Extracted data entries
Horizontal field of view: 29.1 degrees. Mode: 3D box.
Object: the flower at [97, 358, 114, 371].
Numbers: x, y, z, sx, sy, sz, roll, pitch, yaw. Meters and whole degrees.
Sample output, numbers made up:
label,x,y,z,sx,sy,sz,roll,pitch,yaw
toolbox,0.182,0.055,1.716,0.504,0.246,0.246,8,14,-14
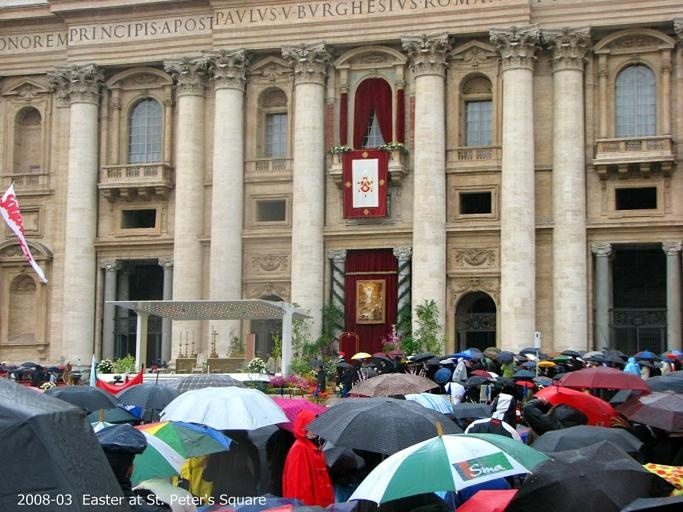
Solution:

DIRECTIONS FOR THIS TASK:
Drop every picture and repeat the rest of the entries exactly.

FINISHED EXERCISE:
Horizontal field of view: 29.1 degrees. Mode: 3D box.
Object: the flower at [97, 358, 114, 371].
Numbers: x, y, z, sx, sy, sz, roll, pitch, yaw. Meters and whole degrees.
Sample output, numbers made up:
label,x,y,z,sx,sy,sz,roll,pitch,yaw
toolbox,0.182,0.055,1.716,0.504,0.246,0.246,8,14,-14
Solution:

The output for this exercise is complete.